Furthermore, the first labeling unit 51 and the second labeling unit 52 included in the annotation unit 5 may be replaced with, for example, a defect determination model subjected to machine learning to operate without an operation performed by the inspector 6.

In addition, by using the appearance inspection apparatus 10A according to the second embodiment, the performances of the defect detection model and the defect identification model may change during the inspection period in which the appearance inspection is performed, and the output results of the models may also change before and after the performance change. Therefore, during the inspection period in which the appearance inspection is performed using the appearance inspection apparatus 10 according to the first embodiment, the execution of the selection step (S14) by the selection unit 60 is awaited. After the inspection period ends, the defect detection model and the defect identification model are progressively trained by executing the selection step (S14) illustrated in FIG. 2. The appearance inspection using the defect detection model and the defect identification model after being retrained may be performed in a place different from the structure for which the appearance inspection has been performed.
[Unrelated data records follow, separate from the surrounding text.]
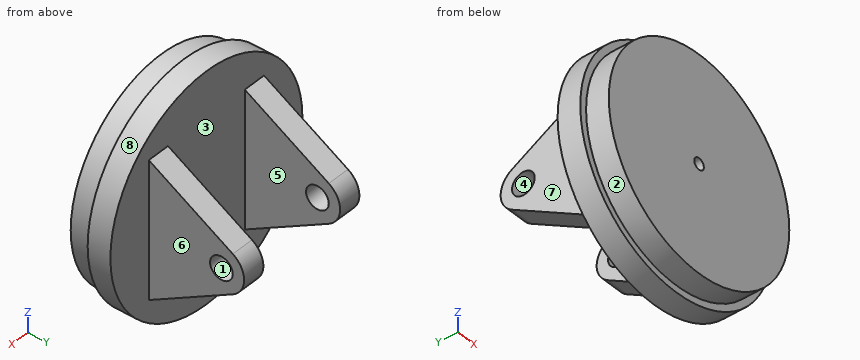
from build123d import *

# Parameters (mm, degrees)
SKETCH1_R           = 50
BOSS_EXTRUDE1_DEPTH = 10
BOSS_EXTRUDE2_START = 20
SKETCH2_R           = 5
BOSS_EXTRUDE2_DEPTH = 10
BOSS_EXTRUDE3_START = -20
SKETCH2_2_R         = 5
BOSS_EXTRUDE3_DEPTH = 10
SKETCH3_R           = 47
BOSS_EXTRUDE4_DEPTH = 10
SKETCH4_R           = 2.5
CUT_EXTRUDE1_DEPTH  = 10


with BuildPart() as part:
    # Sketch1 → Boss-Extrude1 (new body)
    with BuildSketch(Plane(origin=(0, 0, 0), x_dir=(1, 0, 0), z_dir=(0, 1, 0))):
        Circle(SKETCH1_R)
    extrude(amount=BOSS_EXTRUDE1_DEPTH)

    # Sketch2 → Boss-Extrude2 (add)
    with BuildSketch(Plane(origin=(0, 0, 0), x_dir=(0, 0, -1), z_dir=(1, 0, 0)).offset(BOSS_EXTRUDE2_START)):
        with BuildLine():
            Line((30, 10), (8.660254038, 46.961524227))
            ThreePointArc((8.660254038, 46.961524227), (0, 51.961524227), (-8.660254038, 46.961524227))
            Line((-8.660254038, 46.961524227), (-30, 10))
            Line((-30, 10), (30, 10))
        make_face()
        with Locations((0, 41.961524227)):
            Circle(SKETCH2_R, mode=Mode.SUBTRACT)
    extrude(amount=BOSS_EXTRUDE2_DEPTH)

    # Sketch2_2 → Boss-Extrude3 (add)
    with BuildSketch(Plane(origin=(0, 0, 0), x_dir=(0, 0, -1), z_dir=(1, 0, 0)).offset(BOSS_EXTRUDE3_START)):
        with BuildLine():
            Line((30, 10), (8.660254038, 46.961524227))
            ThreePointArc((8.660254038, 46.961524227), (0, 51.961524227), (-8.660254038, 46.961524227))
            Line((-8.660254038, 46.961524227), (-30, 10))
            Line((-30, 10), (30, 10))
        make_face()
        with Locations((0, 41.961524227)):
            Circle(SKETCH2_2_R, mode=Mode.SUBTRACT)
    extrude(amount=-BOSS_EXTRUDE3_DEPTH)

    # Sketch3 → Boss-Extrude4 (add)
    with BuildSketch(Plane.XZ):
        Circle(SKETCH3_R)
    extrude(amount=BOSS_EXTRUDE4_DEPTH)

    # Sketch4 → Cut-Extrude1 (cut)
    with BuildSketch(Plane.XZ.offset(10)):
        Circle(SKETCH4_R)
    extrude(amount=-CUT_EXTRUDE1_DEPTH, mode=Mode.SUBTRACT)


solid = part.part
Source: CAD feature listing. Evaluate the final solid. Frame: model axes, mm. Face numbers are marked on the shaded views. A direction names the side the tool comes from. Round coordinates to 2 decimals unless told otherwise and drop trailing zeros. Loops run counter-clockwise (first coordinate to the right, second up) from the corner with the lowest first, then second, coordinate; pieces in that order, holes last.
Q1. Access query for the marked faces 5, 6, 7 and 8. Directions: +Z, -Z, +X, -X, +Y, -Y. A direction counts if a zero-diameter tool reaches every point of the face in a straight line with its end or side. Return the directions, or none.
Q2. Mould query, pull axis Z, two halves, no side actions, for the marked faces 1, 2, 3 and 4. Classes: pulls with the +Z half, pulls with the -Z half, needs draft (parallel to the pull), parting line crosses it, or undercut.
Q3. First-contact query: P1, Ø4.5, axis at x = 0, z = 0, coming from the +Y side; P2, Ø11.5, axis at y = 41.96, z = 0, coming from the +X side; P3, Ø4, axis at x = 0, z = -1, coming from the -Y side; P4, Ø21, axis at y = 25.5, z = -13, coming from the -X side. Flat tips, straight axial feed; report the tip coordinate or a pass-through.
Q4. Ray query, line 1 (X direction, y = 39, z = 8.5); line 2 (Z direction, x = 0, y = -3); line 3 (Y direction, x = -34.5, z = -14). Return the intervals inside material, ascending.
Q5. Section D-D, the plane y = -2. Return loops of the section in (x, z), plus the area to 3 significant figures.
Q6. Section B-B, the plane y = 20. Return loops of the section in (x, z).
Q7. Section C-C, the plane x = -28. Return loops of the section in (y, z), plus the area to 3 significant figures.
Q8. Section A-A, the plane z = 0. Return loops of the section in (x, y).
Solutions:
1. face 5: +Z, -Z, +Y
1. face 6: +Z, -Z, +X, +Y
1. face 7: +Z, -Z, -X, +Y
1. face 8: +Y, -Y
2. face 1: undercut
2. face 2: parting line crosses it
2. face 3: needs draft
2. face 4: undercut
3. P1: stops at y = 10
3. P2: stops at x = 30
3. P3: stops at y = -10
3. P4: stops at x = -30
4. line 1: x = -30 to -20, 20 to 30
4. line 2: z = -47 to -2.5, 2.5 to 47
4. line 3: y = -10 to 10
5. outline: circle Ø94 at (0, 0); hole circle Ø5 at (0, 0)
5. area: 6,920 mm2
6. outline: (-30, -24.23) - (-20, -24.23) - (-20, 24.23) - (-30, 24.23) - close; (20, -24.23) - (30, -24.23) - (30, 24.23) - (20, 24.23) - close
7. outline: (-10, -37.75) - (0, -37.75) - (0, -41.42) - (10, -41.42) - (10, -30) - (46.96, -8.66) arc R10 ccw to (46.96, 8.66) - (10, 30) - (10, 41.42) - (0, 41.42) - (0, 37.75) - (-10, 37.75) - close; hole circle Ø10 at (41.96, 0)
7. area: 3,000 mm2
8. outline: (-50, 0) - (-47, 0) - (-47, -10) - (-2.5, -10) - (-2.5, 0) - (2.5, 0) - (2.5, -10) - (47, -10) - (47, 0) - (50, 0) - (50, 10) - (30, 10) - (30, 36.96) - (20, 36.96) - (20, 10) - (-20, 10) - (-20, 36.96) - (-30, 36.96) - (-30, 10) - (-50, 10) - close; (-30, 46.96) - (-20, 46.96) - (-20, 51.96) - (-30, 51.96) - close; (20, 46.96) - (30, 46.96) - (30, 51.96) - (20, 51.96) - close
```python
from build123d import *
from OCP.BRepFilletAPI import BRepFilletAPI_MakeChamfer

# Parameters (mm, degrees)
SKIZZE1_W                       = 67
SKIZZE1_H                       = 79
SKIZZE1_W_2                     = 40.55
SKIZZE1_H_2                     = 77
AUFSATZ_LINEAR_AUSTRAGEN2_DEPTH = 40
FASE1_SIZE                      = 20.5
FASE1_SIZE2                     = 0.8
VERRUNDUNG2_R                   = 5


with BuildPart() as part:
    # Skizze1 → Aufsatz-Linear austragen2 (new body)
    with BuildSketch(Plane(origin=(0, 0, 0), x_dir=(1, 0, 0), z_dir=(0, 1, 0))):
        with Locations((32.5, 38.5)):
            Rectangle(SKIZZE1_W, SKIZZE1_H)
        with Locations((20.275, 38.5)):
            Rectangle(SKIZZE1_W_2, SKIZZE1_H_2, mode=Mode.SUBTRACT)
    extrude(amount=AUFSATZ_LINEAR_AUSTRAGEN2_DEPTH)

    # Fase1: one chamfer whose edges measure the first distance from different faces: ONE call of the kernel's chamfer builder (chamfer() names one face for all edges)
    fase1_edges_1 = [part.edges().sort_by_distance(p)[0] for p in [
        (66, 40, -38.5),
    ]]
    fase1_side_1 = [part.faces().sort_by_distance(p)[0] for p in [
        (66, 20, -38.5),
    ]]
    fase1_edges_2 = [part.edges().sort_by_distance(p)[0] for p in [
        (32.5, 40, -78),
    ]]
    fase1_side_2 = [part.faces().sort_by_distance(p)[0] for p in [
        (32.5, 20, -78),
    ]]
    fase1_edges_3 = [part.edges().sort_by_distance(p)[0] for p in [
        (-1, 40, -38.5),
    ]]
    fase1_side_3 = [part.faces().sort_by_distance(p)[0] for p in [
        (-1, 20, -38.5),
    ]]
    fase1_edges_4 = [part.edges().sort_by_distance(p)[0] for p in [
        (32.5, 40, 1),
    ]]
    fase1_side_4 = [part.faces().sort_by_distance(p)[0] for p in [
        (32.5, 20, 1),
    ]]
    fase1 = BRepFilletAPI_MakeChamfer(part.part.solid().wrapped)
    for e in fase1_edges_1:
        fase1.Add(FASE1_SIZE, FASE1_SIZE2, e.wrapped, fase1_side_1[0].wrapped)  # the first distance lies on this face
    for e in fase1_edges_2:
        fase1.Add(FASE1_SIZE, FASE1_SIZE2, e.wrapped, fase1_side_2[0].wrapped)  # the first distance lies on this face
    for e in fase1_edges_3:
        fase1.Add(FASE1_SIZE, FASE1_SIZE2, e.wrapped, fase1_side_3[0].wrapped)  # the first distance lies on this face
    for e in fase1_edges_4:
        fase1.Add(FASE1_SIZE, FASE1_SIZE2, e.wrapped, fase1_side_4[0].wrapped)  # the first distance lies on this face
    add(Compound.cast(fase1.Shape()), mode=Mode.REPLACE)

    # Verrundung2
    # the kernel refuses this fillet: 5 mm, written as the material it takes off along each edge
    with BuildSketch(Plane(origin=(-1.24380965, 19.5, -78), x_dir=(0, -1, 0), z_dir=(1, 0, 0)), Plane(origin=(66.24380965, 19.5, 1), x_dir=(0, -1, 0), z_dir=(-1, 0, 0))) as verrundung2_piece_1:
        with BuildLine():
            CenterArc((VERRUNDUNG2_R * 0.019504771978, -VERRUNDUNG2_R), VERRUNDUNG2_R, 90, 2.234798859)
            Line((-VERRUNDUNG2_R * 0.0194899369818, -VERRUNDUNG2_R * 0.000760582906605), (0, 0))
            Line((0, 0), (VERRUNDUNG2_R * 0.019504771978, 0))
        make_face()
    extrude(amount=67.487619299, mode=Mode.SUBTRACT)
    with BuildSketch(Plane(origin=(66, 19.5, -78.24380965), x_dir=(0, -1, 0), z_dir=(0, 0, 1)), Plane(origin=(-1, 19.5, 1.24380965), x_dir=(0, -1, 0), z_dir=(0, 0, -1))) as verrundung2_piece_2:
        with BuildLine():
            CenterArc((VERRUNDUNG2_R * 0.019504771978, -VERRUNDUNG2_R), VERRUNDUNG2_R, 90, 2.234798859)
            Line((-VERRUNDUNG2_R * 0.0194899369818, -VERRUNDUNG2_R * 0.000760582906605), (0, 0))
            Line((0, 0), (VERRUNDUNG2_R * 0.019504771978, 0))
        make_face()
    extrude(amount=79.487619299, mode=Mode.SUBTRACT)


solid = part.part
```
Source: CAD feature listing. Evaluate the final solid. Frame: model axes, mm. A direction names the side the tool comes from. Give positions to 0.01 mm unless a question says otherwise; leave off trailing zeros. Loops run counter-clockwise (first coordinate to the right, second up) from the corner with the lowest first, then second, coordinate; pieces in that order, holes last. Notation, with made-up numbers: (-15.75, 71) -> (41.25, 71) arc R32 cw to (41.25, 110) -> close; hole circle Ø6 at (61.5, 26.25). An arc over 180 degrees is marked (long way). Put each result on its own line as item: value. Start each with the question number.
1) Cut plane D-D (y = 31). Return loops of the section in (x, z).
2) Cut plane B-B (z = -44). Return loops of the section in (x, y), then the cut area to 3 significant figures.
3) Cut plane A-A (y = 12.5). Return loops of the section in (x, z).
4) Material intervals for probe 1 along Z at (x, y) = (36.5, 5); probe 2 along X at (y, z) = (7, -38.5); probe 3 along X at (y, z) = (23, -41.5), sorted ascending.
5) Reachability of faces 5 (the face through (20, 20, 0)), 6 (the face through (66, 10, -38)) from +Z, -Z, +X, -X, +Y, -Y: full face, straight path, thin tool, end or side. Return the list, or none.
6) Cut plane C-C (x = 17). Return loops of the section in (y, z), then the cut area to 3 significant figures.
7) Draft query along Z for faces 1 (the face through (32, 10, 1)), 2 (the face through (32.031, 29.942, -77.593)), 3 (the face through (-0.593, 29.942, -37.947)), 4 (the face through (0, 20, -38)). Return one class per face: released by +Z, released by -Z, zero draft, split by the parting line, or undercut.
8) Contact query for flat-ended pins moving along their axis: P1, Ø6, axis at x = 36, z = -44, coming from the -Y side; P2, Ø1.5, axis at x = 57.5, y = 35, coming from the -Z side; P3, Ø5, axis at x = 53.5, y = 33.5, coming from the -Z side; P4, Ø6, axis at y = 31.5, z = -17, coming from the -X side. Output: stop coordinate, or through.
Results are:
1. outline: (-0.55, -77.55) -> (65.55, -77.55) -> (65.55, 0.55) -> (-0.55, 0.55) -> close; hole (0, -77) -> (40.55, -77) -> (40.55, 0) -> (0, 0) -> close
2. outline: (-1, 0) -> (0, 0) -> (0, 40) -> (-0.2, 40) -> (-1, 19.6) arc R5 ccw to (-1, 19.4) -> close; (40.55, 0) -> (66, 0) -> (66, 19.4) arc R5 ccw to (66, 19.6) -> (65.2, 40) -> (40.55, 40) -> close
2. area: 1,040 mm2
3. outline: (-1, -78) -> (66, -78) -> (66, 1) -> (-1, 1) -> close; hole (0, -77) -> (40.55, -77) -> (40.55, 0) -> (0, 0) -> close
4. probe 1: z = -78 to -77, 0 to 1
4. probe 2: x = -1 to 0, 40.55 to 66
4. probe 3: x = -0.86 to 0, 40.55 to 65.86
5. face 5: +Y, -Y
5. face 6: +Z, -Z, +X, +Y, -Y
6. outline: (0, -78) -> (19.4, -78) arc R5 ccw to (19.6, -78) -> (40, -77.2) -> (40, -77) -> (0, -77) -> close; (0, 0) -> (40, 0) -> (40, 0.2) -> (19.6, 1) arc R5 ccw to (19.4, 1) -> (0, 1) -> close
6. area: 63.6 mm2
7. face 1: released by +Z
7. face 2: released by -Z
7. face 3: zero draft
7. face 4: undercut
8. P1: passes through
8. P2: stops at z = -77.42
8. P3: stops at z = -77.55
8. P4: stops at x = -0.65

Note that it goes without saying that the present invention is not limited to the above-described embodiments, and various other applications and modifications can be taken without departing from the gist of the present invention set forth in the claims.

For example, the above-described embodiments describe the configurations of the apparatus and the system in detail and specifically in order to explain the present invention in an easy-to-understand manner, and are not necessarily limited to those having all the configurations described above. In addition, a part of the configuration of one embodiment described here can be replaced with the configuration of another embodiment, and furthermore, the configuration of one embodiment can be added to the configuration of another embodiment. In addition, other configurations may be added to, deleted from, or substituted for a part of the configuration of each of the embodiments.

In addition, control lines and information lines considered necessary for explanation are shown, and not all control lines and information lines on a product are necessarily shown. In practice, it may be considered that almost all the configurations are connected to each other.